Impact of deviated balance of regulatory and cytotoxic T cells on release and reseeding of circulating tumor cells in hepatocellular carcinoma.

Abstract

e22133 Background: Our previous data showed that a preoperative CTC ≥2 was significantly related with relapse of hepatocellular carcinoma (HCC) after surgery. However, how CTCs managed to evade immune surveillance, invade into circulation and reseed in the original organ still remains largely unclear. In this study, we illustrated the pro-tumor effect of Treg infiltration in the context of CTC releasing and reseeding. Methods: Using CellSearch system, 115 HCC patients were tested for CTCs prior to resection. Foxp3+, CD8+ and Granzyme B-positive (GrB+) tumor -infiltrating lymphocytes were evaluated by immunohistochemistry (IHC) in tissue microarrays. For IHC markers, the cutoff for stratification subsets was the median value. The pro-invasiveness properties of Tregs were analyzed in both in vitro and vivo assays. Results: Twenty-two patients with high Tregs and low activated CTLs in tumoral tissues had increased number of CTCs compared to 22 patients with low Tregs and high activated CTLs (6.68 vs. 0.91, P<0.001).

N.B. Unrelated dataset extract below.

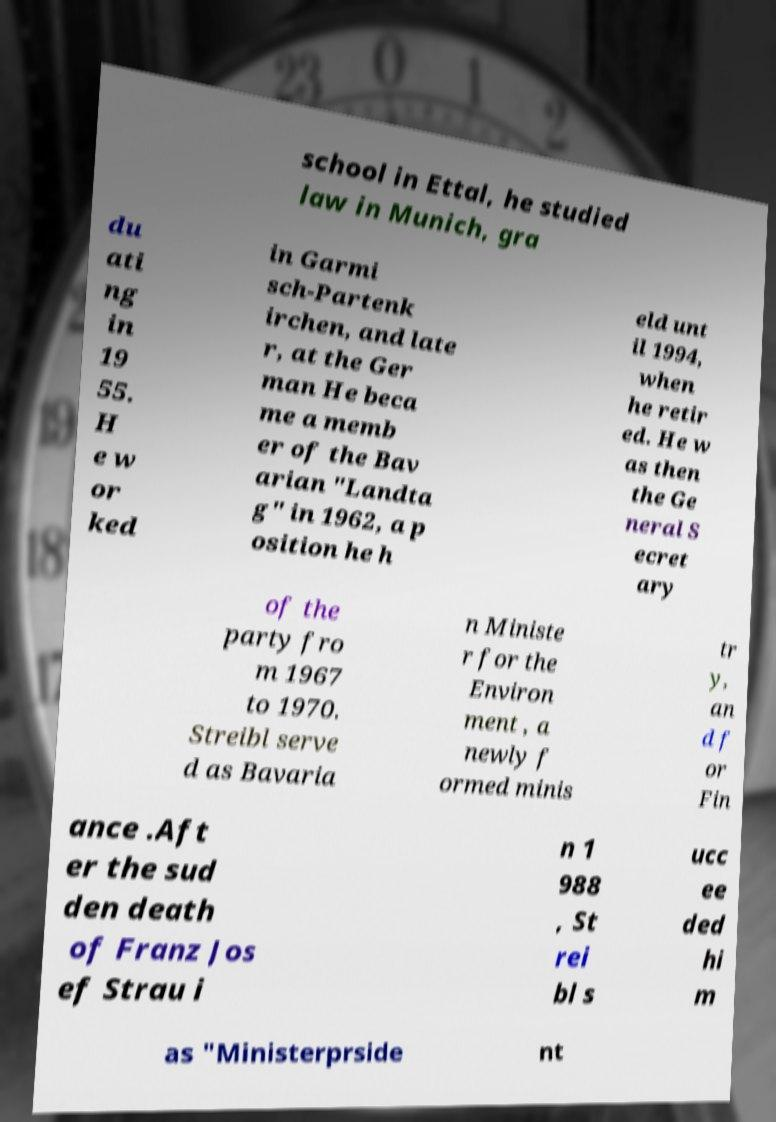Can you read and provide the text displayed in the image?This photo seems to have some interesting text. Can you extract and type it out for me? school in Ettal, he studied law in Munich, gra du ati ng in 19 55. H e w or ked in Garmi sch-Partenk irchen, and late r, at the Ger man He beca me a memb er of the Bav arian "Landta g" in 1962, a p osition he h eld unt il 1994, when he retir ed. He w as then the Ge neral S ecret ary of the party fro m 1967 to 1970. Streibl serve d as Bavaria n Ministe r for the Environ ment , a newly f ormed minis tr y, an d f or Fin ance .Aft er the sud den death of Franz Jos ef Strau i n 1 988 , St rei bl s ucc ee ded hi m as "Ministerprside nt 
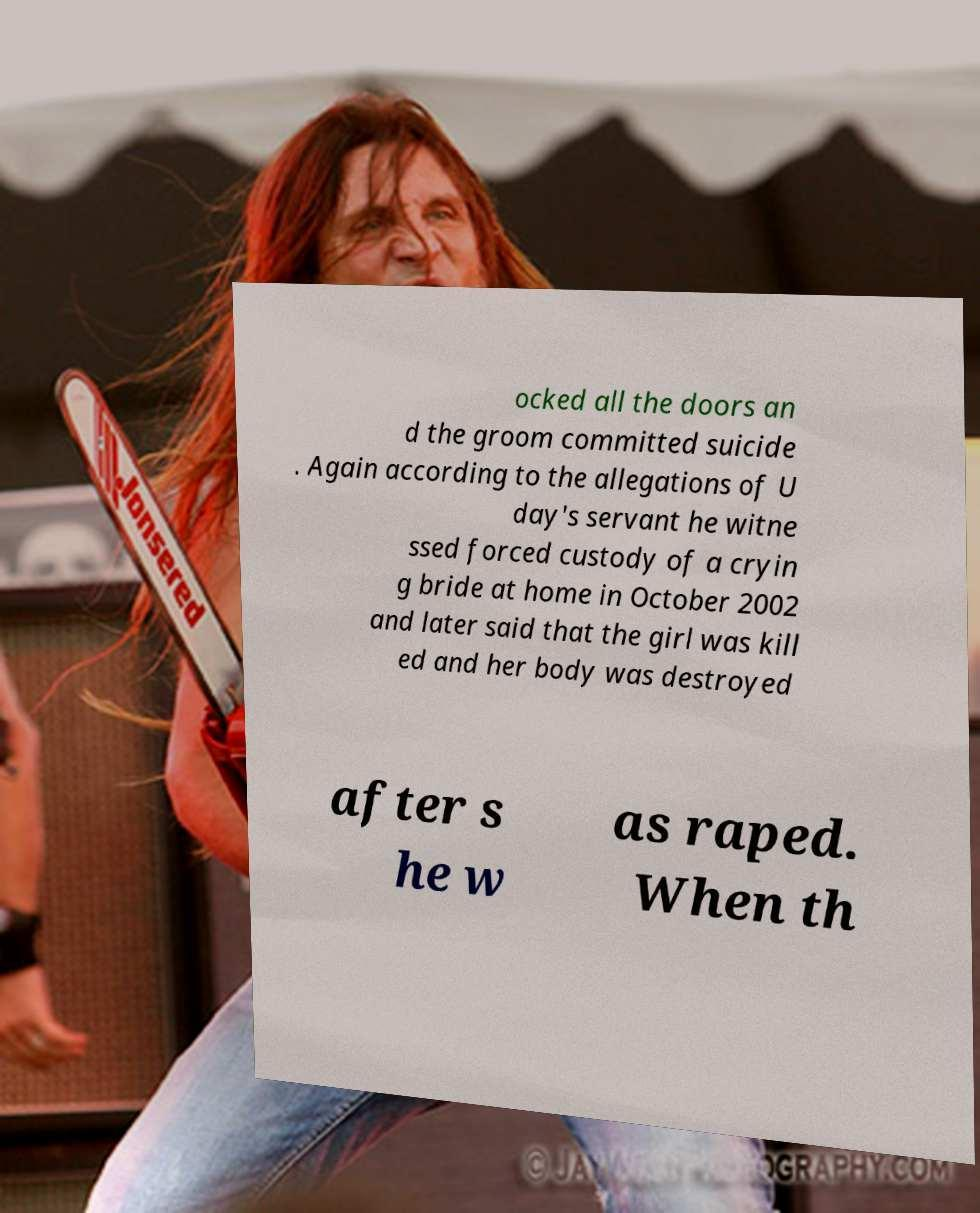Could you extract and type out the text from this image? ocked all the doors an d the groom committed suicide . Again according to the allegations of U day's servant he witne ssed forced custody of a cryin g bride at home in October 2002 and later said that the girl was kill ed and her body was destroyed after s he w as raped. When th

In 77 patients with detectable CTC, high Tregs and low activated CTLs in peritumoral tissues was significantly associated with an increased incidence of HCC recurrence (80.5% vs. 19.4%, P<0.001), and was an independent prognostic factor for HCC early recurrence (P=0.007). Further in vitro study showed Tregs-derived TGF-β promoted HCC cell migration and invasion; down-regulated E-cadherin and up-regulated N-cadherin, vimentin, fibronectin and snail. The data in human tumor sample also showed that the TGF-β level had positive relationships with Treg count, N-cadherin level and CTC count; and had inverse relationship with E-cadherin (all P values <0.05). In mice, depletion of Tregs by neutralizing antibody abolished intrahepatic colonization and lung metastasis. Conclusions: Local immune contexture in HCC orchestrates with biological behavior of CTCs. High intratumoral Tregs may promote the release of CTCs through inducing tumor cells EMT transition via TGF-β secretion. High peritumoral Tregs created an immune-subversive microenvironment by suppressing CTL to favor colonization of CTCs, which led to recurrence after HCC resection.